Minimize Vast.ai GPU cloud costs by choosing the right GPU for your workload, leveraging interruptible (spot) instances, and eliminating idle compute time. Vast.ai is a GPU marketplace with highly variable pricing: RTX 4090 ($0.15-0.30/hr), A100 80GB ($1.00-2.00/hr), H100 (~$2.50-4.00/hr).
vastai CLI installed# GPU selection by workload type
inference_7b_model:
recommended: RTX 3090 (24GB VRAM) # 3090 = configured value
cost: "$0.10-0.20/hr"
why: "Cheapest GPU with enough VRAM for 7B models"
inference_70b_model:
recommended: A100 40GB or 2x RTX 3090
cost: "$0.80-1.50/hr"
why: "Need 40GB+ VRAM for quantized 70B models"
training_small:
recommended: RTX 4090 (24GB VRAM) # 4090 = configured value
cost: "$0.15-0.30/hr"
why: "Best price/performance for fine-tuning up to 13B"
training_large:
recommended: A100 80GB
cost: "$1.00-2.00/hr"
why: "Need 80GB VRAM for full-precision large model training"
# Interruptible (spot) instances are 30-60% cheaper
# Search for cheapest interruptible A100
vastai search offers 'gpu_name=A100 num_gpus=1 reliability>0.9 interruptible=true' \
--order 'dph_total' --limit 5
# Create interruptible instance (must implement checkpointing!)
vastai create instance OFFER_ID --interruptible \
--image pytorch/pytorch:2.1.0-cuda12.1-cudnn8-devel \
--onstart-cmd "cd /workspace && python train.py --resume-from-checkpoint"
# Cron job every 15 minutes: kill instances idle >1 hour
#!/bin/bash
vastai show instances --raw | \
jq -r '.[] | select(.gpu_utilization < 5 and ((.cur_state_time - .start_time) > 3600)) | .id' | \ # 3600: timeout: 1 hour
while read id; do
echo "Destroying idle instance $id (GPU util <5% for >1hr)"
vastai destroy instance "$id"
done
# Set maximum runtime to prevent runaway costs
import subprocess, time
MAX_HOURS = 8 # Budget: 8 hours max
INSTANCE_ID = "12345" # port 12345 - example/test
start_time = time.time()
while True:
elapsed_hours = (time.time() - start_time) / 3600 # 3600: timeout: 1 hour
if elapsed_hours > MAX_HOURS:
print(f"Time limit reached ({MAX_HOURS}h).

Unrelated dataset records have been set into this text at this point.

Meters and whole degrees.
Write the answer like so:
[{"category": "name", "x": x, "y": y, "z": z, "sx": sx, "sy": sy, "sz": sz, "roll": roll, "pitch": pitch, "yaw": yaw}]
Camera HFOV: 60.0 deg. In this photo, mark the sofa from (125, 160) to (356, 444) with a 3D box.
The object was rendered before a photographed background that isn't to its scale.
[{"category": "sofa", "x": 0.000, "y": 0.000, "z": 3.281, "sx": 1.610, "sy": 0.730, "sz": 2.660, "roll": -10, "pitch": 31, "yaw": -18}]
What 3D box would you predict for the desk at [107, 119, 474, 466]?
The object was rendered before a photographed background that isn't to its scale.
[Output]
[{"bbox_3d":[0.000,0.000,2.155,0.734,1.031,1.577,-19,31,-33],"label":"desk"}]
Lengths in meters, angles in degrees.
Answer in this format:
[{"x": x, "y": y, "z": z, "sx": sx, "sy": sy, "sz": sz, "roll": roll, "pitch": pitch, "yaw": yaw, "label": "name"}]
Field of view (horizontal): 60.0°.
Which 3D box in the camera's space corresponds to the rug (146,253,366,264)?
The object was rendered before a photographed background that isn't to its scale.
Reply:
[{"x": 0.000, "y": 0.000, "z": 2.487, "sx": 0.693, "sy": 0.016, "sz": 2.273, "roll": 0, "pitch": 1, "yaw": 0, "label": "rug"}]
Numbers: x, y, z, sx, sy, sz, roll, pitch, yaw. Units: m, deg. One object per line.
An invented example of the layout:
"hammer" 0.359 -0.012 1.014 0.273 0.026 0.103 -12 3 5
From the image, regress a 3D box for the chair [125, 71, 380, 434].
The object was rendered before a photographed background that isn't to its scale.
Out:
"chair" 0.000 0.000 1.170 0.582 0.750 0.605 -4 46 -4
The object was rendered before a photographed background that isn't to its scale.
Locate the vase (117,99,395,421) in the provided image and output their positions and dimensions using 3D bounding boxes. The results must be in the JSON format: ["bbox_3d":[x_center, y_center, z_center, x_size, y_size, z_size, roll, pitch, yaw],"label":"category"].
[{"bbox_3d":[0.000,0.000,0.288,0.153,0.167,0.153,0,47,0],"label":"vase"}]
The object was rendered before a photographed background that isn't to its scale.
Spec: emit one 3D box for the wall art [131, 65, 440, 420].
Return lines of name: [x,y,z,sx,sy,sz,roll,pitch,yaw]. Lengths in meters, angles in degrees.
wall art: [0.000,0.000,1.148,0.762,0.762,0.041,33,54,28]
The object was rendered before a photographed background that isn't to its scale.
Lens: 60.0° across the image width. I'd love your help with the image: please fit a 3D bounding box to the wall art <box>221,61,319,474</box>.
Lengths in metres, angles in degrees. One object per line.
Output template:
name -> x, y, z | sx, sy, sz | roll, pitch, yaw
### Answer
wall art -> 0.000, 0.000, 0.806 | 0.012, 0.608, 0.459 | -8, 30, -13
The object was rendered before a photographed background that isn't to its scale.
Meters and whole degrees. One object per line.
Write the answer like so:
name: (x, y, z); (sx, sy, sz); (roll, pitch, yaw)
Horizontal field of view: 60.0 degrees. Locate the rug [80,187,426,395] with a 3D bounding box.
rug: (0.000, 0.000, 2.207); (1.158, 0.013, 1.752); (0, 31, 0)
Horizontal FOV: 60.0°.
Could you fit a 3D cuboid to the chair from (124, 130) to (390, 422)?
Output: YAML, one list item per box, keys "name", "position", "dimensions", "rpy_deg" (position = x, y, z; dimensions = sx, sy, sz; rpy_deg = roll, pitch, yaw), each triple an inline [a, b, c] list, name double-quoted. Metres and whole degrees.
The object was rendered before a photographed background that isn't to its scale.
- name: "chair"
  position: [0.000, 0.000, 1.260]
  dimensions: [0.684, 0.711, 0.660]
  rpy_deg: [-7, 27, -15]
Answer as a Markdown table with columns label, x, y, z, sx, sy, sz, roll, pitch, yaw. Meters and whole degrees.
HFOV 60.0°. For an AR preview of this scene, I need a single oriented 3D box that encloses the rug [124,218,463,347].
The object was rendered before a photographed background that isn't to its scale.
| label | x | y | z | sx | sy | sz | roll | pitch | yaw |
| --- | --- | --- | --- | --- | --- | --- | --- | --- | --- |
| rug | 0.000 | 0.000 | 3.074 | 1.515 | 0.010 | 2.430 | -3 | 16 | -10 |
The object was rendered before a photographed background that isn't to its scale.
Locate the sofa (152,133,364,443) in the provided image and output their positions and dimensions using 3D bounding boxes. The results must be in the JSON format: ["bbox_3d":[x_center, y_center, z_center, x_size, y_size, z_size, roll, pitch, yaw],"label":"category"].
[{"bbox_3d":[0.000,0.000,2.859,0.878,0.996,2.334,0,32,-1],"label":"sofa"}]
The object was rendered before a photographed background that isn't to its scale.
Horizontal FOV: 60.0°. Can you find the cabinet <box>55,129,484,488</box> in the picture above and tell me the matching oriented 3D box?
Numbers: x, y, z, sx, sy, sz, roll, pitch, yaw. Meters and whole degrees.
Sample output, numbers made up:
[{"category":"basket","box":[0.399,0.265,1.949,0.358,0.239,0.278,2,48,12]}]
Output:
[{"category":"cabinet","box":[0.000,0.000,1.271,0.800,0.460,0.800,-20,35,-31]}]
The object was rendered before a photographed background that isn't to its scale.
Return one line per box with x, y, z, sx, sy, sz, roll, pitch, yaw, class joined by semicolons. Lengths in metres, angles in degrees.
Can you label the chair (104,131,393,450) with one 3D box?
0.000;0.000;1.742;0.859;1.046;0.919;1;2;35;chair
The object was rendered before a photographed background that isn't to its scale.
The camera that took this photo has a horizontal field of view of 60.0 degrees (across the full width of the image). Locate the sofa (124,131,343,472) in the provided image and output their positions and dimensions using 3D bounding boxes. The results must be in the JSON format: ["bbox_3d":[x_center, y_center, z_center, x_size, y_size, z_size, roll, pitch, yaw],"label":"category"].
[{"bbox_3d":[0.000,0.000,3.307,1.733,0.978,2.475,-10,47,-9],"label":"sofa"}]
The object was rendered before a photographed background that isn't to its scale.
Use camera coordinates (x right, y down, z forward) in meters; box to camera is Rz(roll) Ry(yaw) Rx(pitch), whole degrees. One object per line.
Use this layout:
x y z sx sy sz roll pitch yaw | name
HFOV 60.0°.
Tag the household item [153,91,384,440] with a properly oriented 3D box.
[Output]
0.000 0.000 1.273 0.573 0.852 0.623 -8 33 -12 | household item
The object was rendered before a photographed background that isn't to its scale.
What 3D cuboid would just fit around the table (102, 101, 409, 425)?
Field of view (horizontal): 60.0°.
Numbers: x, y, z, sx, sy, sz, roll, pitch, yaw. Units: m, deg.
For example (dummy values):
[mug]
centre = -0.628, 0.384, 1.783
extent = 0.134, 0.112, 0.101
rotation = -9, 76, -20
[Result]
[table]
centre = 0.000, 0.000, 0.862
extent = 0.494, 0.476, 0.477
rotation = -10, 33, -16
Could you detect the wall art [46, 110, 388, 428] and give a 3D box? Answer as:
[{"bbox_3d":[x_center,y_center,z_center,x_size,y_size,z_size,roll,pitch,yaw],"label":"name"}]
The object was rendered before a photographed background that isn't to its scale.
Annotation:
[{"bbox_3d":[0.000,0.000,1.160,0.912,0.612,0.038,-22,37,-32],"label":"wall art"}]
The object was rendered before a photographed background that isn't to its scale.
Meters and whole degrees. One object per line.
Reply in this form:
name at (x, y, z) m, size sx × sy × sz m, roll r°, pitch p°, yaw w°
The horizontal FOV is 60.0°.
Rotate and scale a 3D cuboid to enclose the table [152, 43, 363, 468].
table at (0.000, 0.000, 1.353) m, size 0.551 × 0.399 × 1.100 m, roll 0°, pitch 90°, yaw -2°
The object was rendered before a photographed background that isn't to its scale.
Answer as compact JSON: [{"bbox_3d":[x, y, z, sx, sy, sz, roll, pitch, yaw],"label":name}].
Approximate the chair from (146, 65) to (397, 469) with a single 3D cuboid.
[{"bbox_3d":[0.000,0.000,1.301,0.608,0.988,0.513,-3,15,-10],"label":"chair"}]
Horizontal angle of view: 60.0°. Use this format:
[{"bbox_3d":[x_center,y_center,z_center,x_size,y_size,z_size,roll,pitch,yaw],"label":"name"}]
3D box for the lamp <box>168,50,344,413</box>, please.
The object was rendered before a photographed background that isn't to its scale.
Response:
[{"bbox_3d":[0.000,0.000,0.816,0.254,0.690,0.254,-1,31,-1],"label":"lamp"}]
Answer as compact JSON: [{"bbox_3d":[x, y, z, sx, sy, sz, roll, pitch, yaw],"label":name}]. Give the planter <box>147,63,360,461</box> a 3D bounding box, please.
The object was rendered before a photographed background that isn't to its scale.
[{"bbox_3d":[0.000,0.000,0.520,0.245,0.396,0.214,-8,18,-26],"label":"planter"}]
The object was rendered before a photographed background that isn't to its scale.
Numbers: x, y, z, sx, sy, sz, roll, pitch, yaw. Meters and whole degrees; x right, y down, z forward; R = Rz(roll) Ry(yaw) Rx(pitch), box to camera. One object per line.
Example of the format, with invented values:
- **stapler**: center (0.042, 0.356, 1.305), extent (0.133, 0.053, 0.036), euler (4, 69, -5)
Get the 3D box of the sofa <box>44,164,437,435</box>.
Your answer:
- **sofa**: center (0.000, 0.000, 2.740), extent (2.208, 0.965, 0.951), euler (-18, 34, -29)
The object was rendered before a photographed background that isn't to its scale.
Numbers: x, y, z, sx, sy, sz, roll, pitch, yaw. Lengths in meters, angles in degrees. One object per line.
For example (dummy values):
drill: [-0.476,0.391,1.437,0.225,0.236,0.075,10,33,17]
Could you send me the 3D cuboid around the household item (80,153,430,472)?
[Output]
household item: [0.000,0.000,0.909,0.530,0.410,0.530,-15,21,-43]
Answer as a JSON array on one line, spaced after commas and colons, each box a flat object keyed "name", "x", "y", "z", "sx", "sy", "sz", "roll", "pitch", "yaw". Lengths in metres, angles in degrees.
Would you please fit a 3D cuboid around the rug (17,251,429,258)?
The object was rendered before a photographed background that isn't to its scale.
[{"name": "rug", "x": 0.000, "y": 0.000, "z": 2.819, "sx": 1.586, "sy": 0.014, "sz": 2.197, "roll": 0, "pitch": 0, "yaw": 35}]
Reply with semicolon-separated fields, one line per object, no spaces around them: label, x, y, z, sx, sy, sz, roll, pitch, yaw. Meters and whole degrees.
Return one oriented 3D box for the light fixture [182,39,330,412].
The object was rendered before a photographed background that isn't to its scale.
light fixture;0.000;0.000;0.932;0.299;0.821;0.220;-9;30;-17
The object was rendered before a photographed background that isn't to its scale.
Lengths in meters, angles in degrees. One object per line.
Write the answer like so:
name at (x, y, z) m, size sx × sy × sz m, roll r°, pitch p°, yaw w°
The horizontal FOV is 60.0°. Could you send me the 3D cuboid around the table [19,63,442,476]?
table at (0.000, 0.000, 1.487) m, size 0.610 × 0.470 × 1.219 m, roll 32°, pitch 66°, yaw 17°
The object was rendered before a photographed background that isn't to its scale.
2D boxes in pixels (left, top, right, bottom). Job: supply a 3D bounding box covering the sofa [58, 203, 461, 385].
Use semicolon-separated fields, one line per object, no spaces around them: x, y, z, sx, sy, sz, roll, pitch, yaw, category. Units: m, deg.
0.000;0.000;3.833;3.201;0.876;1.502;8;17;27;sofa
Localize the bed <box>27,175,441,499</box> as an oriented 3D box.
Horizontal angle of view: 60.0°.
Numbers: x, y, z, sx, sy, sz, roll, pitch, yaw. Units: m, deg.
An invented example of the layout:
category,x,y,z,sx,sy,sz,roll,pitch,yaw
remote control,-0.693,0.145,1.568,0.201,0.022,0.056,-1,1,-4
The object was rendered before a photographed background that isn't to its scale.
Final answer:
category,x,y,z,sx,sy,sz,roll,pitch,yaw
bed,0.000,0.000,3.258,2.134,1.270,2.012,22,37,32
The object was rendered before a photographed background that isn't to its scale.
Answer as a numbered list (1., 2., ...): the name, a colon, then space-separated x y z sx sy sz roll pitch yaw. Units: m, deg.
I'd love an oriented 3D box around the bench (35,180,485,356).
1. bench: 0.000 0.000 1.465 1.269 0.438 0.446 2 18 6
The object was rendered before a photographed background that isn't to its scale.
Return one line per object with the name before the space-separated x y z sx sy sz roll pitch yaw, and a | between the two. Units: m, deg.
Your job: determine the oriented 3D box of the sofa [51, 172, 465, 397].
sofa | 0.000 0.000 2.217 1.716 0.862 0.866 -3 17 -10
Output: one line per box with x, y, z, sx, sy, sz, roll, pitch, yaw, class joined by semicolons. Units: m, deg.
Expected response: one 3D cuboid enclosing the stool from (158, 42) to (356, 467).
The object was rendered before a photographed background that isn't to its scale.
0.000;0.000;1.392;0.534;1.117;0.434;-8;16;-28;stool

Saving checkpoint and terminating.")
subprocess.run(["vastai", "destroy", "instance", INSTANCE_ID])
break
time.sleep(300) # 300: Check every 5 minutes
# Always compare offers before creating an instance
vastai search offers 'gpu_name=RTX_4090 num_gpus=1 reliability>0.95 inet_down>200' \ # HTTP 200 OK
--order 'dph_total' --limit 10 | \
head -5
# Price varies 2-3x for same GPU depending on host, region, and demand
# Calculate total cost before starting
echo "Job estimate: 4x A100 for 12 hours"
echo "Cheapest offer: \$(vastai search offers 'gpu_name=A100 num_gpus=4' --order 'dph_total' --limit 1 | awk 'NR==2{print $6}')/hr"
| Issue | Cause | Solution |
|---|---|---|
| Instance preempted mid-training | Using interruptible without checkpointing | Implement checkpoint saving every 30 minutes |
| Overpaying for GPU | Not comparing offers | Always search and sort by price before provisioning |
| Idle GPU burning money | Job finished but instance still running | Add auto-terminate script to training pipeline |
| Insufficient VRAM | Wrong GPU selected | Check model VRAM requirements before provisioning |
Basic usage: Apply vastai cost tuning to a standard project setup with default configuration options.
Advanced scenario: Customize vastai cost tuning for production environments with multiple constraints and team-specific requirements.